# Your assignment
When a line of the listing below has the string "shows" in it, copy that line.
------------------------------------------------------------------------
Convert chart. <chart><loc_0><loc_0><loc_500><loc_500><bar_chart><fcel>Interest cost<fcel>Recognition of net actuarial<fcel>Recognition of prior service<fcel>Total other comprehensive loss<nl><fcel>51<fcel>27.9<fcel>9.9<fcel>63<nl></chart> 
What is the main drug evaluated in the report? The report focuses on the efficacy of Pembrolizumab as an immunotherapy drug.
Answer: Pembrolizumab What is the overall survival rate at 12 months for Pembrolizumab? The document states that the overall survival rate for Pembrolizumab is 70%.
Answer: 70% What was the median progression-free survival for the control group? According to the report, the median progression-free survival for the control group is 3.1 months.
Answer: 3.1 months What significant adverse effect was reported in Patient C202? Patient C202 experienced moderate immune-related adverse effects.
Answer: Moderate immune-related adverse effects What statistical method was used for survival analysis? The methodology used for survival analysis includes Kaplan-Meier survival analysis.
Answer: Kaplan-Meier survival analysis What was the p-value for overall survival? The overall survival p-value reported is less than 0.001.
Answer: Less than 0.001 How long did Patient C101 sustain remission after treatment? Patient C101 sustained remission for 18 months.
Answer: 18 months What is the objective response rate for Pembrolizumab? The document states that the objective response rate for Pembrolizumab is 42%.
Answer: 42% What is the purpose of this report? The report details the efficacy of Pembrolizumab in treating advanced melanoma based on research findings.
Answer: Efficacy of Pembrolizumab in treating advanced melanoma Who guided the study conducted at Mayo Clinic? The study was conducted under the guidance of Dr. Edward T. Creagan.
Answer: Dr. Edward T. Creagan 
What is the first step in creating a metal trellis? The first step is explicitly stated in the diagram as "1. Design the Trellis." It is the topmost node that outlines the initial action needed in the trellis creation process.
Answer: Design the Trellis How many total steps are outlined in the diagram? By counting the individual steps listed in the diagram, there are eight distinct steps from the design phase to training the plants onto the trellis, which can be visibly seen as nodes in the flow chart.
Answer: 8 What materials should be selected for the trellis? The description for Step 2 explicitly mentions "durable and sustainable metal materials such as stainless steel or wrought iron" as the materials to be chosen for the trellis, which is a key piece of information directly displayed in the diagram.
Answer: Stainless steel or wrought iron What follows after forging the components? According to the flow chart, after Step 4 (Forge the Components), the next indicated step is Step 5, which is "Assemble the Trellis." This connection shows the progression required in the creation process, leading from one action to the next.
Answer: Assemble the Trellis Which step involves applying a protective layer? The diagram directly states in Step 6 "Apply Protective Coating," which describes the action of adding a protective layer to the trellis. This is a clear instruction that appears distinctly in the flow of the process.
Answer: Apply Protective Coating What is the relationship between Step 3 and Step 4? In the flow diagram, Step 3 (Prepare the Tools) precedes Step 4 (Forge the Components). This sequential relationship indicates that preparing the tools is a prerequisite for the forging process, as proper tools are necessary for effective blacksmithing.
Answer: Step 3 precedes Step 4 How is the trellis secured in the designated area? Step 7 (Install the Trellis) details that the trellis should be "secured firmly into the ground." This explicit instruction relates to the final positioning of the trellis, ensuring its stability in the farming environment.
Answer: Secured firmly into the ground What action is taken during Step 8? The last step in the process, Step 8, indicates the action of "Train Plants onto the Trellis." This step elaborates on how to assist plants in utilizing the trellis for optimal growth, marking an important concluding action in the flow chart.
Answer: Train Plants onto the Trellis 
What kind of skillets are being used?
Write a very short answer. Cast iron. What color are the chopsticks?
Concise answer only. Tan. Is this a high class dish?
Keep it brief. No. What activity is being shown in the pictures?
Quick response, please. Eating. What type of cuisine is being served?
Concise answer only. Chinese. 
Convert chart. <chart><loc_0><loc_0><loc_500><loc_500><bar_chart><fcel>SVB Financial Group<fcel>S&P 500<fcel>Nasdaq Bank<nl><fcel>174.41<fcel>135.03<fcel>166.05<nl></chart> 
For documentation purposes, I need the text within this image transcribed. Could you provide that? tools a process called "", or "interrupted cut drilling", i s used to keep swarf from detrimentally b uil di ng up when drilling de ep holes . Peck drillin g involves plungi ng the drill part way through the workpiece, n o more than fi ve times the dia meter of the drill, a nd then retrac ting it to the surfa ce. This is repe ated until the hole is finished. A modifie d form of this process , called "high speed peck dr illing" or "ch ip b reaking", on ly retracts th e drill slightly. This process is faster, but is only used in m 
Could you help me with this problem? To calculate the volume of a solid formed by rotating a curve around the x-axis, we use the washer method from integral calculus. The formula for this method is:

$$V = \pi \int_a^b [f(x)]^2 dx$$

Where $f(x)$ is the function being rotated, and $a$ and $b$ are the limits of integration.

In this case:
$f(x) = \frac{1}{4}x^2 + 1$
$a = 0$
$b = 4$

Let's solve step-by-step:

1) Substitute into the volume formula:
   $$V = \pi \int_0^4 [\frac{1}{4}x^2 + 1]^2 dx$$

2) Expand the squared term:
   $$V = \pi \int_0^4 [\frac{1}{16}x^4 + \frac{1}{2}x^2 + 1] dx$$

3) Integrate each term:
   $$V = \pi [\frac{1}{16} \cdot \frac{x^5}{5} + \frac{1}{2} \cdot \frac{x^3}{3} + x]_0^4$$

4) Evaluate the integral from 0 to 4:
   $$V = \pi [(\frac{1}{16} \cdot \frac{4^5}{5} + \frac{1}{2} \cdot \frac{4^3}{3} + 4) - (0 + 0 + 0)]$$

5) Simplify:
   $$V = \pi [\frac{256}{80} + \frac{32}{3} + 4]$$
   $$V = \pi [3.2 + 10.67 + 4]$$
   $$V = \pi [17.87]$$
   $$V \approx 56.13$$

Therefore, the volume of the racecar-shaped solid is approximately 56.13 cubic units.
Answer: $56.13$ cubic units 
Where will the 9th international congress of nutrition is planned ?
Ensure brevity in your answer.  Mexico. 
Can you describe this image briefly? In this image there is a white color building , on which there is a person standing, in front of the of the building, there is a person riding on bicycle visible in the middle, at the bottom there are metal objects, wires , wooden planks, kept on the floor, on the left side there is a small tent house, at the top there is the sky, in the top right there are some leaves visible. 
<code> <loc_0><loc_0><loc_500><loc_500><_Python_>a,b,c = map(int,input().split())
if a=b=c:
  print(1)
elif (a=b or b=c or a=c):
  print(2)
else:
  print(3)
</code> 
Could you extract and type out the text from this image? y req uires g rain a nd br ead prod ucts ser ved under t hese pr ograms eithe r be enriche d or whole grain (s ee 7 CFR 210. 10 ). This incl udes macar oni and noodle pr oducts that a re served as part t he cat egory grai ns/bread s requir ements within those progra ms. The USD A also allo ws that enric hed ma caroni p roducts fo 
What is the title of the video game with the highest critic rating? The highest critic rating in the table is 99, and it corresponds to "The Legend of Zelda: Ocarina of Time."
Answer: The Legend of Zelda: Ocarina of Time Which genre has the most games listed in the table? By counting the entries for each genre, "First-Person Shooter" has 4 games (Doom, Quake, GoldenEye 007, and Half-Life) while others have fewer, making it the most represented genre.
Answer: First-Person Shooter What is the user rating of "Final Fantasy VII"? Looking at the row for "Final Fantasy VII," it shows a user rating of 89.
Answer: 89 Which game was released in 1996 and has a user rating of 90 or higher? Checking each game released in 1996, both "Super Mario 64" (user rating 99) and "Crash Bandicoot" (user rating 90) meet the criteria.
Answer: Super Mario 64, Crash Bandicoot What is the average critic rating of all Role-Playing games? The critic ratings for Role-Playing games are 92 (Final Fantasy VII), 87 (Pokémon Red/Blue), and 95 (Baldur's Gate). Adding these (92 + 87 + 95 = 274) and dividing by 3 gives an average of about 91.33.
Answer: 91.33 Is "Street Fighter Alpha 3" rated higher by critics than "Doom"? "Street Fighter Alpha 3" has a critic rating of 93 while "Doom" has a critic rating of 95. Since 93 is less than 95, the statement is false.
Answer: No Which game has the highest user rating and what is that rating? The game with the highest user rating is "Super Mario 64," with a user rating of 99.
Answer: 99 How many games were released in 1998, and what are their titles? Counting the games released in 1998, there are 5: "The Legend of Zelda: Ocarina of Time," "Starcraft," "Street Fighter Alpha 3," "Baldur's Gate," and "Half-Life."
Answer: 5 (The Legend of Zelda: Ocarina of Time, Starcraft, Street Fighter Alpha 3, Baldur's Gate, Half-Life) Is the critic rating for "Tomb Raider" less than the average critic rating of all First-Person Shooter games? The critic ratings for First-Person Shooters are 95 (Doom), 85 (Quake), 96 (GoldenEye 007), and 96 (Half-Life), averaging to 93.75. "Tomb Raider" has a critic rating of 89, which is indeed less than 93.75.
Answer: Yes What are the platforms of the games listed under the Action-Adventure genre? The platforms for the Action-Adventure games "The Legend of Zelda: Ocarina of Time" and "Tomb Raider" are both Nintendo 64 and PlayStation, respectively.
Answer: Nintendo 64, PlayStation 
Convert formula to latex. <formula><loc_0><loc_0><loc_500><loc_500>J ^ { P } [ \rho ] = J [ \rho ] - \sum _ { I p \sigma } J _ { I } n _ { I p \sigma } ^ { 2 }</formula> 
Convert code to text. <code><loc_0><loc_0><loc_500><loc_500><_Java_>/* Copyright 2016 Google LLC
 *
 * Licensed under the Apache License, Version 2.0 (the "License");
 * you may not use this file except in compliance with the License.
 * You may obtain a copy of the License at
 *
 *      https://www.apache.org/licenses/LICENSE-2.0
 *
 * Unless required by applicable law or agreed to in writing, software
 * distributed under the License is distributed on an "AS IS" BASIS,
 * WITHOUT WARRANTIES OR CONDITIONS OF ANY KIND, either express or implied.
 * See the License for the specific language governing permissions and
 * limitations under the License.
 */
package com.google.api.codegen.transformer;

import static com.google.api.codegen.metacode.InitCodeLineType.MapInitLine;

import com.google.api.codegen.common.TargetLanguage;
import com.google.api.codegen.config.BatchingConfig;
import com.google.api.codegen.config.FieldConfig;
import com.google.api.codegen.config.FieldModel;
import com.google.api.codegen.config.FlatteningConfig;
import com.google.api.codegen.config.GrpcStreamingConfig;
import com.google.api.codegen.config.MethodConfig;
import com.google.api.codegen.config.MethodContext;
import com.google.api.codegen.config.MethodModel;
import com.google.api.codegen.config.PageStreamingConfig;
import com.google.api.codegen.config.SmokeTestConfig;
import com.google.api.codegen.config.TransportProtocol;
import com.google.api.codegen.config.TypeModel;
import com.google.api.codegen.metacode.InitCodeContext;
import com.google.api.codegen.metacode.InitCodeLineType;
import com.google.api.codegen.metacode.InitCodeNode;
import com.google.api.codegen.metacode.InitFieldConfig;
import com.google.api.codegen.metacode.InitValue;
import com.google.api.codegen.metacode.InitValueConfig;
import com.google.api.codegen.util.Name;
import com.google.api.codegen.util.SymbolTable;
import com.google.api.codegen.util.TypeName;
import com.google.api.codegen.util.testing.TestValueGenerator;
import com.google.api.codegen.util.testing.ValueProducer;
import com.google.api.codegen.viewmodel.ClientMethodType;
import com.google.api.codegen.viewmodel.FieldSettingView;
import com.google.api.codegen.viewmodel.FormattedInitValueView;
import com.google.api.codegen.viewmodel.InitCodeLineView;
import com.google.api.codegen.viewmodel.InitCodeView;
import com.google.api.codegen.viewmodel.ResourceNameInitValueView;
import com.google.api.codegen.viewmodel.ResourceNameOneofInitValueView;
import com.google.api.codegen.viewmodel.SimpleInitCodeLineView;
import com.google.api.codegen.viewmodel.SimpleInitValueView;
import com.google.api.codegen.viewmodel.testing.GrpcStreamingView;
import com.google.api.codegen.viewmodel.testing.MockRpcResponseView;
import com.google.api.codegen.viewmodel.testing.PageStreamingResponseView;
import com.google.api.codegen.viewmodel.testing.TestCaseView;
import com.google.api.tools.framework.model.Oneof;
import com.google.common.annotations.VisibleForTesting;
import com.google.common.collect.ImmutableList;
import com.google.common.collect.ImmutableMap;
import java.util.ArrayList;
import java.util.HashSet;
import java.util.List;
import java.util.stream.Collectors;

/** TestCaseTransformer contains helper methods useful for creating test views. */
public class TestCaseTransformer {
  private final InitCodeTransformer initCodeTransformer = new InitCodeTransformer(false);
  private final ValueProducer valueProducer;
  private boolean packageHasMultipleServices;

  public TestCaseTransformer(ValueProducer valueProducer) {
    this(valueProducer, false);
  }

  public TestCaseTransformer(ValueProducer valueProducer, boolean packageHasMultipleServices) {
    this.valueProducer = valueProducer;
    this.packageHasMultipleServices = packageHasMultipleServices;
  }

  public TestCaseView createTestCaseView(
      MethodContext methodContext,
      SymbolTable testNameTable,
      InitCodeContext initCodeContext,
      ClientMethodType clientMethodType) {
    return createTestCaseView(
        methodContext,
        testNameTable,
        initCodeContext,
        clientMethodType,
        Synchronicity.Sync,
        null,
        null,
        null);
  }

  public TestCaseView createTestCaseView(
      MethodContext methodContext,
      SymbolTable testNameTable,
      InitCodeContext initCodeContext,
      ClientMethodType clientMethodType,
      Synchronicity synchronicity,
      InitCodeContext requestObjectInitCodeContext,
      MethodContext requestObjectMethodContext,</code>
------------------------------------------------------------------------
# Answer area
Answer: Stainless steel or wrought iron What follows after forging the components? According to the flow chart, after Step 4 (Forge the Components), the next indicated step is Step 5, which is "Assemble the Trellis." This connection shows the progression required in the creation process, leading from one action to the next.
Answer: First-Person Shooter What is the user rating of "Final Fantasy VII"? Looking at the row for "Final Fantasy VII," it shows a user rating of 89.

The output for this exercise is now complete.